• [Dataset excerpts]
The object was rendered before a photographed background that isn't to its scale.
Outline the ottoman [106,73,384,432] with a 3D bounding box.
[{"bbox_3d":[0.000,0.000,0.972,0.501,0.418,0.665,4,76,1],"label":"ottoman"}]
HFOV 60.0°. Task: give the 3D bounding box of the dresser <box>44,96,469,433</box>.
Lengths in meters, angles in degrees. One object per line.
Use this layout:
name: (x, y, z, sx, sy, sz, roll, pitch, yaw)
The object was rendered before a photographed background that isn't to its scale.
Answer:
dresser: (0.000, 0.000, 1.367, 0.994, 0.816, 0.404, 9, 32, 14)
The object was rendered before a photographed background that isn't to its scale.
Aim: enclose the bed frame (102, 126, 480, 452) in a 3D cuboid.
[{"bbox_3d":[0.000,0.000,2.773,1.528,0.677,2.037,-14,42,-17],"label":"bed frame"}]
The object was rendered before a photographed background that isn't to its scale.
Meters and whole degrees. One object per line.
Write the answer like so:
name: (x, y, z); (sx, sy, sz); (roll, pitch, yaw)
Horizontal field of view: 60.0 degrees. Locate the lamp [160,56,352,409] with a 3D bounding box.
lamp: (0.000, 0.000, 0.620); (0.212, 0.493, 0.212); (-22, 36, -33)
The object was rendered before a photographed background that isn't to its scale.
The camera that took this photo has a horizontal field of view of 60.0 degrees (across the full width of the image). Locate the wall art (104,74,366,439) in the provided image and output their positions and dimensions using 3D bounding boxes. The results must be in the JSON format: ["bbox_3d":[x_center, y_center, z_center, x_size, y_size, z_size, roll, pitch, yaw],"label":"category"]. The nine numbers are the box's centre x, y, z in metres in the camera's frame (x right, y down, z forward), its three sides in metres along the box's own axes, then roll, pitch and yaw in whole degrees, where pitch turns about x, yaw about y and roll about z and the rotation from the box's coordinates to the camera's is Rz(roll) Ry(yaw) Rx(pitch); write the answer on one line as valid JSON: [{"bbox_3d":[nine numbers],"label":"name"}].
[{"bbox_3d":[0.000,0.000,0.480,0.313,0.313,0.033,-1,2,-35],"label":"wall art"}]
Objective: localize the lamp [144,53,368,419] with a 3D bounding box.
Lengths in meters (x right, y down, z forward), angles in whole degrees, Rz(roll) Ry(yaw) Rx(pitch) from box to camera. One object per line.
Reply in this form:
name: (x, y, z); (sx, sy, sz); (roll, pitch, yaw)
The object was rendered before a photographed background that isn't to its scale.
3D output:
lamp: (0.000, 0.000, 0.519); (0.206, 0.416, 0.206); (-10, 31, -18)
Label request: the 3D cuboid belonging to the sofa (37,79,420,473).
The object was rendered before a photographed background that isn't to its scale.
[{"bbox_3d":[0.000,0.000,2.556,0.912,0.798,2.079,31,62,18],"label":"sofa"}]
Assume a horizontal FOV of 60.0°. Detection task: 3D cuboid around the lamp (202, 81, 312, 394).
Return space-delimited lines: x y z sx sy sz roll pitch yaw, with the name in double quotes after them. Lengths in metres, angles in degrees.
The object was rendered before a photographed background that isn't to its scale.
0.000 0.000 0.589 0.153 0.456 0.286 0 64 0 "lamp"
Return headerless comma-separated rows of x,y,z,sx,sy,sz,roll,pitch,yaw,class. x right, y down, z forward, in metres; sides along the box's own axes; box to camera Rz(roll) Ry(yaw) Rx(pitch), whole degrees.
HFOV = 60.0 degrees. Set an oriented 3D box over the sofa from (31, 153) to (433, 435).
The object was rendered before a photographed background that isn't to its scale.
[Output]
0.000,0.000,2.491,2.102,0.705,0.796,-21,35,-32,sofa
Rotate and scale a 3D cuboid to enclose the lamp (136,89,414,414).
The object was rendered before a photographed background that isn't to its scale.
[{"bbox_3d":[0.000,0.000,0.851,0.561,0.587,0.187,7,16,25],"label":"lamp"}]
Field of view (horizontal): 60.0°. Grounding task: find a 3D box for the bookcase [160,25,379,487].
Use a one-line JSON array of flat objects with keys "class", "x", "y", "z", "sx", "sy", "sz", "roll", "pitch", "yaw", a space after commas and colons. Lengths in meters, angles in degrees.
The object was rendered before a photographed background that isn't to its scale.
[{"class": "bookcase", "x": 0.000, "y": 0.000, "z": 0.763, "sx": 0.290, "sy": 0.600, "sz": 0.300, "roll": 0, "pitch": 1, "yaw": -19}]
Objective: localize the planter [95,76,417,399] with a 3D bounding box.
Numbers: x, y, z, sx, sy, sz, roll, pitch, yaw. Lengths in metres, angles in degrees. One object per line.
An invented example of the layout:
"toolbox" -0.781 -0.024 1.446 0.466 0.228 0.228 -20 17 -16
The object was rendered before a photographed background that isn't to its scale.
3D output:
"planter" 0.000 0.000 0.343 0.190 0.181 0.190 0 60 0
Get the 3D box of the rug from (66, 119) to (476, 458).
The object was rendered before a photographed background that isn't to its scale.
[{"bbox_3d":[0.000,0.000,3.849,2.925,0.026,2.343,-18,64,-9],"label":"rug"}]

• [THE PROBLEM] What's needed is an exact copy of every entry.

• [OUTPUT FOR THIS TASK]
The object was rendered before a photographed background that isn't to its scale.
Outline the ottoman [106,73,384,432] with a 3D bounding box.
[{"bbox_3d":[0.000,0.000,0.972,0.501,0.418,0.665,4,76,1],"label":"ottoman"}]
HFOV 60.0°. Task: give the 3D bounding box of the dresser <box>44,96,469,433</box>.
Lengths in meters, angles in degrees. One object per line.
Use this layout:
name: (x, y, z, sx, sy, sz, roll, pitch, yaw)
The object was rendered before a photographed background that isn't to its scale.
Answer:
dresser: (0.000, 0.000, 1.367, 0.994, 0.816, 0.404, 9, 32, 14)
The object was rendered before a photographed background that isn't to its scale.
Aim: enclose the bed frame (102, 126, 480, 452) in a 3D cuboid.
[{"bbox_3d":[0.000,0.000,2.773,1.528,0.677,2.037,-14,42,-17],"label":"bed frame"}]
The object was rendered before a photographed background that isn't to its scale.
Meters and whole degrees. One object per line.
Write the answer like so:
name: (x, y, z); (sx, sy, sz); (roll, pitch, yaw)
Horizontal field of view: 60.0 degrees. Locate the lamp [160,56,352,409] with a 3D bounding box.
lamp: (0.000, 0.000, 0.620); (0.212, 0.493, 0.212); (-22, 36, -33)
The object was rendered before a photographed background that isn't to its scale.
The camera that took this photo has a horizontal field of view of 60.0 degrees (across the full width of the image). Locate the wall art (104,74,366,439) in the provided image and output their positions and dimensions using 3D bounding boxes. The results must be in the JSON format: ["bbox_3d":[x_center, y_center, z_center, x_size, y_size, z_size, roll, pitch, yaw],"label":"category"]. The nine numbers are the box's centre x, y, z in metres in the camera's frame (x right, y down, z forward), its three sides in metres along the box's own axes, then roll, pitch and yaw in whole degrees, where pitch turns about x, yaw about y and roll about z and the rotation from the box's coordinates to the camera's is Rz(roll) Ry(yaw) Rx(pitch); write the answer on one line as valid JSON: [{"bbox_3d":[nine numbers],"label":"name"}].
[{"bbox_3d":[0.000,0.000,0.480,0.313,0.313,0.033,-1,2,-35],"label":"wall art"}]
Objective: localize the lamp [144,53,368,419] with a 3D bounding box.
Lengths in meters (x right, y down, z forward), angles in whole degrees, Rz(roll) Ry(yaw) Rx(pitch) from box to camera. One object per line.
Reply in this form:
name: (x, y, z); (sx, sy, sz); (roll, pitch, yaw)
The object was rendered before a photographed background that isn't to its scale.
3D output:
lamp: (0.000, 0.000, 0.519); (0.206, 0.416, 0.206); (-10, 31, -18)
Label request: the 3D cuboid belonging to the sofa (37,79,420,473).
The object was rendered before a photographed background that isn't to its scale.
[{"bbox_3d":[0.000,0.000,2.556,0.912,0.798,2.079,31,62,18],"label":"sofa"}]
Assume a horizontal FOV of 60.0°. Detection task: 3D cuboid around the lamp (202, 81, 312, 394).
Return space-delimited lines: x y z sx sy sz roll pitch yaw, with the name in double quotes after them. Lengths in metres, angles in degrees.
The object was rendered before a photographed background that isn't to its scale.
0.000 0.000 0.589 0.153 0.456 0.286 0 64 0 "lamp"
Return headerless comma-separated rows of x,y,z,sx,sy,sz,roll,pitch,yaw,class. x right, y down, z forward, in metres; sides along the box's own axes; box to camera Rz(roll) Ry(yaw) Rx(pitch), whole degrees.
HFOV = 60.0 degrees. Set an oriented 3D box over the sofa from (31, 153) to (433, 435).
The object was rendered before a photographed background that isn't to its scale.
[Output]
0.000,0.000,2.491,2.102,0.705,0.796,-21,35,-32,sofa
Rotate and scale a 3D cuboid to enclose the lamp (136,89,414,414).
The object was rendered before a photographed background that isn't to its scale.
[{"bbox_3d":[0.000,0.000,0.851,0.561,0.587,0.187,7,16,25],"label":"lamp"}]
Field of view (horizontal): 60.0°. Grounding task: find a 3D box for the bookcase [160,25,379,487].
Use a one-line JSON array of flat objects with keys "class", "x", "y", "z", "sx", "sy", "sz", "roll", "pitch", "yaw", a space after commas and colons. Lengths in meters, angles in degrees.
The object was rendered before a photographed background that isn't to its scale.
[{"class": "bookcase", "x": 0.000, "y": 0.000, "z": 0.763, "sx": 0.290, "sy": 0.600, "sz": 0.300, "roll": 0, "pitch": 1, "yaw": -19}]
Objective: localize the planter [95,76,417,399] with a 3D bounding box.
Numbers: x, y, z, sx, sy, sz, roll, pitch, yaw. Lengths in metres, angles in degrees. One object per line.
An invented example of the layout:
"toolbox" -0.781 -0.024 1.446 0.466 0.228 0.228 -20 17 -16
The object was rendered before a photographed background that isn't to its scale.
3D output:
"planter" 0.000 0.000 0.343 0.190 0.181 0.190 0 60 0
Get the 3D box of the rug from (66, 119) to (476, 458).
The object was rendered before a photographed background that isn't to its scale.
[{"bbox_3d":[0.000,0.000,3.849,2.925,0.026,2.343,-18,64,-9],"label":"rug"}]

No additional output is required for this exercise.